> _Exercise directions_
Lines containing the word "following" are to be copied from the data below.
*** Opening of Extracted material ***
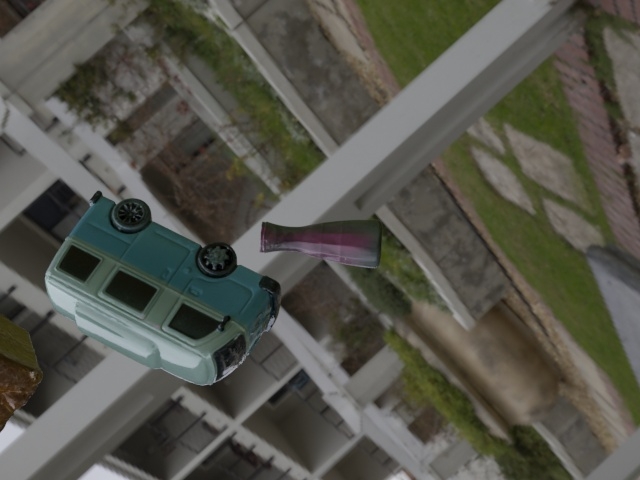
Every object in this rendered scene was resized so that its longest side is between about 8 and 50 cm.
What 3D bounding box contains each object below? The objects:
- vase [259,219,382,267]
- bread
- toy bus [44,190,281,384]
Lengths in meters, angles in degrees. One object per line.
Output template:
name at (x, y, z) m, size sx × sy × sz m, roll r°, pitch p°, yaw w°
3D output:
vase at (0.000, 0.000, 1.418) m, size 0.214 × 0.086 × 0.086 m, roll 4°, pitch 175°, yaw 2°
bread at (-0.716, 0.251, 1.479) m, size 0.279 × 0.279 × 0.207 m, roll 38°, pitch -177°, yaw -42°
toy bus at (-0.202, 0.074, 1.017) m, size 0.272 × 0.164 × 0.133 m, roll 26°, pitch 149°, yaw 8°
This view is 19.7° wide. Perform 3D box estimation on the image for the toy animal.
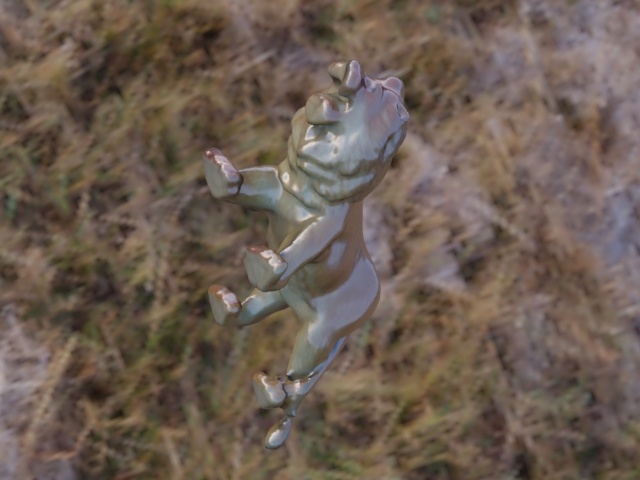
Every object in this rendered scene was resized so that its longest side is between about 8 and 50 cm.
[{"bbox_3d":[0.000,0.000,1.368,0.157,0.312,0.097,-25,49,-22],"label":"toy animal"}]
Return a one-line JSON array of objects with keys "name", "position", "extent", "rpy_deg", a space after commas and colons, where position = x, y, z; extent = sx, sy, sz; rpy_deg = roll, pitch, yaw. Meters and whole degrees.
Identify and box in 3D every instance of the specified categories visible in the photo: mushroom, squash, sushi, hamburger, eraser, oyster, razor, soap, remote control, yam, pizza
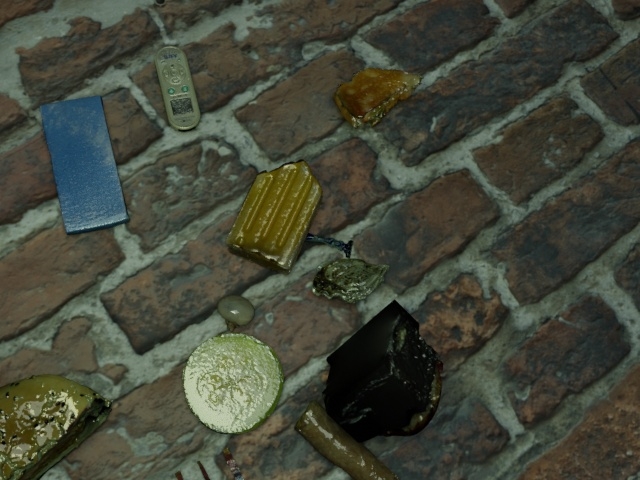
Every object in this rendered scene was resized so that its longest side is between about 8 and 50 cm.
[{"name": "mushroom", "position": [-0.191, 0.164, 1.552], "extent": [0.085, 0.085, 0.079], "rpy_deg": [22, 115, -3]}, {"name": "squash", "position": [-0.189, 0.306, 1.521], "extent": [0.219, 0.041, 0.219], "rpy_deg": [3, 74, -10]}, {"name": "sushi", "position": [0.151, 0.295, 1.479], "extent": [0.212, 0.227, 0.215], "rpy_deg": [43, 103, -13]}, {"name": "hamburger", "position": [-0.573, 0.362, 1.372], "extent": [0.192, 0.168, 0.288], "rpy_deg": [45, 73, 2]}, {"name": "eraser", "position": [-0.535, -0.172, 1.592], "extent": [0.144, 0.043, 0.312], "rpy_deg": [-14, 78, -14]}, {"name": "oyster", "position": [0.070, 0.092, 1.618], "extent": [0.177, 0.064, 0.125], "rpy_deg": [4, 59, 2]}, {"name": "razor", "position": [0.001, -0.001, 1.645], "extent": [0.154, 0.028, 0.044], "rpy_deg": [15, 73, -6]}, {"name": "soap", "position": [-0.094, -0.068, 1.611], "extent": [0.160, 0.080, 0.258], "rpy_deg": [22, 72, 6]}, {"name": "remote control", "position": [-0.342, -0.361, 1.678], "extent": [0.078, 0.042, 0.222], "rpy_deg": [-12, 78, -14]}, {"name": "yam", "position": [0.091, 0.489, 1.501], "extent": [0.356, 0.081, 0.081], "rpy_deg": [42, 72, 5]}, {"name": "pizza", "position": [0.136, -0.363, 1.753], "extent": [0.226, 0.069, 0.147], "rpy_deg": [-40, 63, -20]}]

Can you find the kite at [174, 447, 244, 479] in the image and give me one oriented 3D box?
[{"name": "kite", "position": [-0.172, 0.619, 1.449], "extent": [0.204, 0.022, 0.361], "rpy_deg": [-21, 83, -14]}]
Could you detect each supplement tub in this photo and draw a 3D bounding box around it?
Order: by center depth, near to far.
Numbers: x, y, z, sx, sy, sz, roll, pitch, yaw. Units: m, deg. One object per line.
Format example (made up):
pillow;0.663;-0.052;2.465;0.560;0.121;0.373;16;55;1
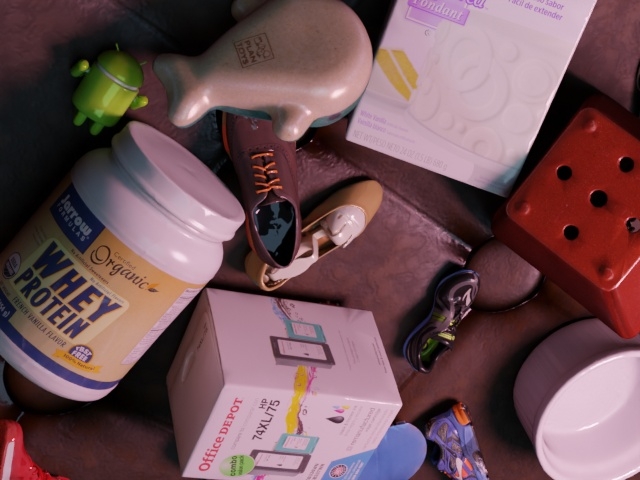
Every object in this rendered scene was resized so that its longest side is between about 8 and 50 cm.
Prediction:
supplement tub;-0.270;0.025;1.545;0.228;0.228;0.316;34;104;-32

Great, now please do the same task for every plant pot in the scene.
plant pot;0.393;-0.046;1.645;0.267;0.267;0.236;-52;162;8

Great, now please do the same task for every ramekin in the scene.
ramekin;0.458;0.263;1.993;0.277;0.135;0.277;-9;122;-14

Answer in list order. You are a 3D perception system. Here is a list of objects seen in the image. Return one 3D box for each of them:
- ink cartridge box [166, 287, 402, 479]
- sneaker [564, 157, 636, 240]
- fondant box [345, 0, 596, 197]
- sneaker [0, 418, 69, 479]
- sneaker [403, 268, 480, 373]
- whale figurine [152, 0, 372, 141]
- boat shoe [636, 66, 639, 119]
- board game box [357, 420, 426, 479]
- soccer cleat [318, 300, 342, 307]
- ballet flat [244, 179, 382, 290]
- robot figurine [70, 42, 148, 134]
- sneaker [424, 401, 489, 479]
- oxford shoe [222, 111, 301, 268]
ink cartridge box;-0.061;0.217;1.733;0.270;0.197;0.198;9;128;-23
sneaker;0.450;-0.054;1.803;0.271;0.108;0.100;-39;158;10
fondant box;0.198;-0.252;1.576;0.238;0.096;0.330;19;112;-3
sneaker;-0.428;0.342;1.780;0.128;0.087;0.221;-5;133;-26
sneaker;0.197;0.128;1.857;0.067;0.078;0.188;20;111;-28
whale figurine;-0.070;-0.208;1.518;0.272;0.216;0.141;-18;160;-9
boat shoe;0.500;-0.213;1.784;0.049;0.042;0.133;-13;121;-9
board game box;0.090;0.350;1.982;0.169;0.033;0.133;-10;127;-6
soccer cleat;-0.004;0.114;1.812;0.083;0.029;0.035;-5;130;-13
ballet flat;0.000;0.000;1.717;0.232;0.073;0.080;-34;125;2
robot figurine;-0.269;-0.191;1.514;0.101;0.067;0.115;30;106;-22
sneaker;0.230;0.367;2.021;0.087;0.083;0.221;-16;119;6
oxford shoe;-0.068;-0.093;1.603;0.097;0.098;0.271;-15;107;-7
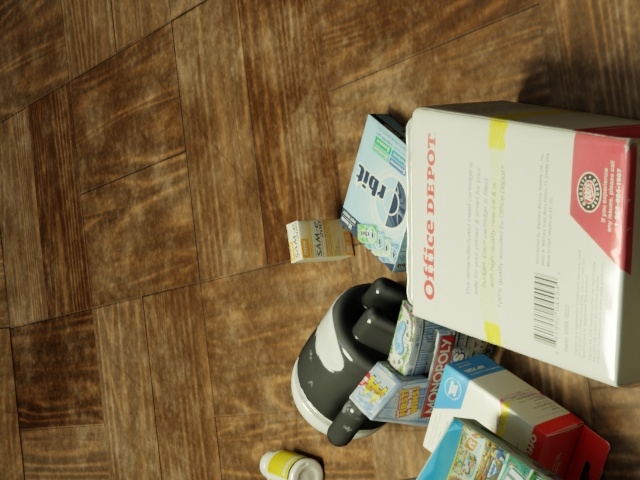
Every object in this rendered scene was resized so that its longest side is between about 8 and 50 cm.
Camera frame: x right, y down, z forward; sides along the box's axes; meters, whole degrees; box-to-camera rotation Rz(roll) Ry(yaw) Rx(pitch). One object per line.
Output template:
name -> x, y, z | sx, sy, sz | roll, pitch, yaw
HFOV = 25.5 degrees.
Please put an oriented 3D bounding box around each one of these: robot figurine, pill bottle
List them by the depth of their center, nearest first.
robot figurine -> 0.067, 0.174, 2.046 | 0.173, 0.209, 0.278 | 54, 140, 20
pill bottle -> -0.051, 0.382, 2.341 | 0.116, 0.065, 0.065 | 7, 99, 56

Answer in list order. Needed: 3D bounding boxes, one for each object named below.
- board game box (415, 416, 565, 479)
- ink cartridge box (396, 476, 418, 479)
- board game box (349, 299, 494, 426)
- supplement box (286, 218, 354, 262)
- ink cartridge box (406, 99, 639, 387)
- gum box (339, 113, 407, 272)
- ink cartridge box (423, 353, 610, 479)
board game box -> 0.239, 0.387, 1.703 | 0.303, 0.097, 0.224 | 32, 95, 24
ink cartridge box -> 0.142, 0.365, 1.966 | 0.109, 0.150, 0.063 | -9, 85, 57
board game box -> 0.143, 0.175, 1.908 | 0.060, 0.194, 0.194 | 40, 126, 48
supplement box -> 0.000, 0.000, 2.197 | 0.036, 0.098, 0.062 | -19, 78, 56
ink cartridge box -> 0.280, -0.014, 1.703 | 0.384, 0.160, 0.279 | 18, 112, 54
gum box -> 0.103, -0.071, 2.086 | 0.157, 0.041, 0.184 | 44, 127, 46
ink cartridge box -> 0.251, 0.264, 1.832 | 0.231, 0.078, 0.134 | 34, 121, 40
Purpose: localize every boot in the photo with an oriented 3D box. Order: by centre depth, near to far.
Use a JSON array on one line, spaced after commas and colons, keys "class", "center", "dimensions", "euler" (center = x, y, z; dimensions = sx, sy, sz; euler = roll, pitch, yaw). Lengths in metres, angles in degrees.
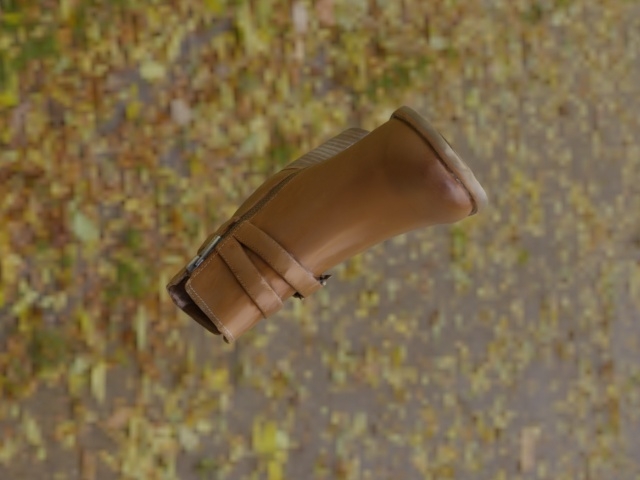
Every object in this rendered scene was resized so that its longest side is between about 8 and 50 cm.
[{"class": "boot", "center": [0.000, 0.000, 1.006], "dimensions": [0.152, 0.197, 0.073], "euler": [-39, 101, -16]}]
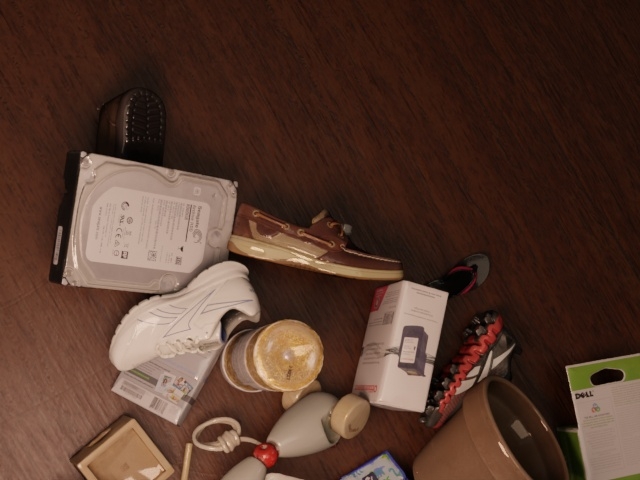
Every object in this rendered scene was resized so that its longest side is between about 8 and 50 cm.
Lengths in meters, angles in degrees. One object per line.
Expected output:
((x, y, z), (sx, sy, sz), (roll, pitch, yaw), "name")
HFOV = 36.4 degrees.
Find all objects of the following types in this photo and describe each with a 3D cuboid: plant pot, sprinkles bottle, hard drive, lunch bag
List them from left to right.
((-0.313, -0.021, 1.772), (0.339, 0.064, 0.237), (10, 88, -42), "hard drive")
((-0.095, 0.210, 1.732), (0.121, 0.355, 0.121), (2, 81, -15), "sprinkles bottle")
((0.116, 0.503, 1.887), (0.129, 0.096, 0.151), (-28, 75, -15), "lunch bag")
((0.310, 0.426, 1.862), (0.229, 0.263, 0.263), (-39, 94, 24), "plant pot")

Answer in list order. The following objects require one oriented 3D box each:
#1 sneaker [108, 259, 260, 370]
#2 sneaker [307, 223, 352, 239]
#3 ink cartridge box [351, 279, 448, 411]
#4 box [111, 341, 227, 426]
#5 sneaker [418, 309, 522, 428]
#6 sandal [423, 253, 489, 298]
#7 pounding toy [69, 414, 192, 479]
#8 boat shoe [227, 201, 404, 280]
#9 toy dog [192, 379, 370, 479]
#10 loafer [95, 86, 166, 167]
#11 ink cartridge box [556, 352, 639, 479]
((-0.244, 0.153, 1.752), (0.297, 0.111, 0.129), (-32, 58, -3), "sneaker")
((-0.009, 0.016, 1.938), (0.170, 0.063, 0.075), (-11, 78, -21), "sneaker")
((0.152, 0.210, 1.895), (0.100, 0.172, 0.237), (16, 78, -13), "ink cartridge box")
((-0.282, 0.233, 1.819), (0.145, 0.038, 0.186), (24, 76, 12), "box")
((0.310, 0.280, 1.966), (0.135, 0.097, 0.276), (40, 76, -10), "sneaker")
((0.285, 0.086, 2.019), (0.179, 0.040, 0.067), (-29, 90, -17), "sandal")
((-0.320, 0.423, 1.781), (0.181, 0.094, 0.206), (-40, 102, -22), "pounding toy")
((0.000, 0.000, 1.849), (0.342, 0.123, 0.123), (12, 87, -3), "boat shoe")
((-0.057, 0.397, 1.814), (0.333, 0.220, 0.161), (-25, 128, -18), "toy dog")
((-0.376, -0.105, 1.843), (0.134, 0.130, 0.366), (12, 87, -47), "loafer")
((0.596, 0.378, 2.032), (0.189, 0.097, 0.255), (-7, 82, -16), "ink cartridge box")
*** Close of Extracted material ***
> _Output of the task_
Find all objects of the following types in this photo and describe each with a 3D cuboid: plant pot, sprinkles bottle, hard drive, lunch bag
Answer in list order. The following objects require one oriented 3D box each:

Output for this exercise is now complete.